# ECON 0150 | Replication Notebook

**Title:** Height and Life Expectancy

**Original Authors:** Sampugnaro

**Original Date:** Fall 2024

---

This notebook replicates the analysis from a student final project in ECON 0150: Economic Data Analysis.

## About This Replication

**Research Question:** Does average height affect life expectancy across countries?

**Data Source:** Our World in Data - Average height and life expectancy by country

**Methods:** OLS regression of life expectancy on average height

**Main Finding:** Positive relationship: taller countries tend to have higher life expectancy, but this is likely confounded by development and nutrition.

**Course Concepts Used:**
- Simple linear regression
- Cross-country comparison
- Scatter plots with regression lines
- Residual analysis

---
## Step 0 | Setup

In [None]:
# Imports
import pandas as pd
import numpy as np
import matplotlib.pyplot as plt
import seaborn as sns
import statsmodels.api as sm
import statsmodels.formula.api as smf

In [None]:
# Load data from Our World in Data
# Height data
height_url = "https://ourworldindata.org/grapher/average-height-by-year-of-birth.csv"
life_url = "https://ourworldindata.org/grapher/life-expectancy.csv"

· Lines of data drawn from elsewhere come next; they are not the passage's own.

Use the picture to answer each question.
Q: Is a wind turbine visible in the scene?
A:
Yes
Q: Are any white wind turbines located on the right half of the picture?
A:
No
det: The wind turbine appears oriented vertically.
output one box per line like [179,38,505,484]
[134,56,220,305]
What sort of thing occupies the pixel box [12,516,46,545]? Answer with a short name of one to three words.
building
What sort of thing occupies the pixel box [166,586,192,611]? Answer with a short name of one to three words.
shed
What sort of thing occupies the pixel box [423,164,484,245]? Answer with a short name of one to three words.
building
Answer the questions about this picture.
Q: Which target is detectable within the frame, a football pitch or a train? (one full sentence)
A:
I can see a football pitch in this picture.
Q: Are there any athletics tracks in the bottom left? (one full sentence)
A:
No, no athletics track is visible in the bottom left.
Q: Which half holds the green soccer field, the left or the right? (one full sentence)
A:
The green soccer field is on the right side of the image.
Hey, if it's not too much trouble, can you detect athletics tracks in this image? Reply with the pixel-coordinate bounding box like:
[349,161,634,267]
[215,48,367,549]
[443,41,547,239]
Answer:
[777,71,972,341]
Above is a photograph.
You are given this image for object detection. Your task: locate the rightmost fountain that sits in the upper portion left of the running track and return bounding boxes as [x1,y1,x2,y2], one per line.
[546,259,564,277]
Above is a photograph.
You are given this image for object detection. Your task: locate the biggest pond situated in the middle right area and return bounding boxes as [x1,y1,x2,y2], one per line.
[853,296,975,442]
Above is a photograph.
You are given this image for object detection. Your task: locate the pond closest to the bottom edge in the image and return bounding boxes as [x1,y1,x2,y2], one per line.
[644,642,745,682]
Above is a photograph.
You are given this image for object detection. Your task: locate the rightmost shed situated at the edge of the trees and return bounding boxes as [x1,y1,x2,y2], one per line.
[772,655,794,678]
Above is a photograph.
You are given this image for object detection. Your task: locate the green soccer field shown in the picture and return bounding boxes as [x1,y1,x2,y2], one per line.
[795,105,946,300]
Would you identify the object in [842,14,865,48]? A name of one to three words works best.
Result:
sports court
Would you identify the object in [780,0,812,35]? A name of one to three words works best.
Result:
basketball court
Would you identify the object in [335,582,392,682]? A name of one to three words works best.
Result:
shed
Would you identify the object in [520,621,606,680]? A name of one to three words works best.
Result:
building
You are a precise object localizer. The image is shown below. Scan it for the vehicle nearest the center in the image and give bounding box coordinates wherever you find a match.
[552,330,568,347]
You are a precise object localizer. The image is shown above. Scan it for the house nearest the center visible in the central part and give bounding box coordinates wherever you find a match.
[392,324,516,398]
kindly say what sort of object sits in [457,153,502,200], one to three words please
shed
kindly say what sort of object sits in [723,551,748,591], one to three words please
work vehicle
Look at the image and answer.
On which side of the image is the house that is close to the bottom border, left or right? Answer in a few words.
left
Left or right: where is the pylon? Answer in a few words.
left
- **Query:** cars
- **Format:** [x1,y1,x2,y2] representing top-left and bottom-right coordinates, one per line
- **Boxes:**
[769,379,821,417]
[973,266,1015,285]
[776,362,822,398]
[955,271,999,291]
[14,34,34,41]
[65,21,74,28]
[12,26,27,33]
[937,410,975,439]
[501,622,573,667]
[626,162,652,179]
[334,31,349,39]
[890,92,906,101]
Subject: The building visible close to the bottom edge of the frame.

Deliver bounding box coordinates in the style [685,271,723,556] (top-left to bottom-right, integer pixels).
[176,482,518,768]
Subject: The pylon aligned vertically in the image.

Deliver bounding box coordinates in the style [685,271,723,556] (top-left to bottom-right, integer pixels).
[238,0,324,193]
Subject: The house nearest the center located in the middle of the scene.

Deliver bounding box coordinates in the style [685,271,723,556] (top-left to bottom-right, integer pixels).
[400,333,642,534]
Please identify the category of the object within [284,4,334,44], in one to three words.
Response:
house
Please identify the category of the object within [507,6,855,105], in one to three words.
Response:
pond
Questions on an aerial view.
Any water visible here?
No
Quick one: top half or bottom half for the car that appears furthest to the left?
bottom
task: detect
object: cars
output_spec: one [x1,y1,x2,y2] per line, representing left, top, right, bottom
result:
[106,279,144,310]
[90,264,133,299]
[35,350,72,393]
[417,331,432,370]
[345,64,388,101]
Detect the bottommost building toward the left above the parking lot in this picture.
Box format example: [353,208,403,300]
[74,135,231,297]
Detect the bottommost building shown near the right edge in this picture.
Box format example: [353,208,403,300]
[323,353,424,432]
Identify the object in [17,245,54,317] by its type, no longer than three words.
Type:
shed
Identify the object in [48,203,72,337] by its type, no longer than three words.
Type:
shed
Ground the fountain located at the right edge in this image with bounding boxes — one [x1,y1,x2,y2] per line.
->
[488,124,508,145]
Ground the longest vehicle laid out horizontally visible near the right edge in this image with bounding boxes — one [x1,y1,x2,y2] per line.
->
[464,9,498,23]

print("Downloading height data...")
h = pd.read_csv(height_url)
print(f"Height data columns: {h.columns.tolist()[:5]}...")

print("Downloading life expectancy data...")
le = pd.read_csv(life_url)
print(f"Life expectancy columns: {le.columns.tolist()[:5]}...")

---
## Step 1 | Data Preparation

In [None]:
# Find the relevant columns
def find_column_containing(df, keywords):
    for k in keywords:
        for c in df.columns:
            if k.lower() in c.lower():
                return c
    return None

# Height dataset columns
height_val_col = find_column_containing(h, ['height'])
height_entity_col = find_column_containing(h, ['entity','country'])
height_year_col = find_column_containing(h, ['year','birth'])

# Life expectancy columns
life_val_col = find_column_containing(le, ['life','expectancy'])
life_entity_col = find_column_containing(le, ['entity','country'])
life_year_col = find_column_containing(le, ['year'])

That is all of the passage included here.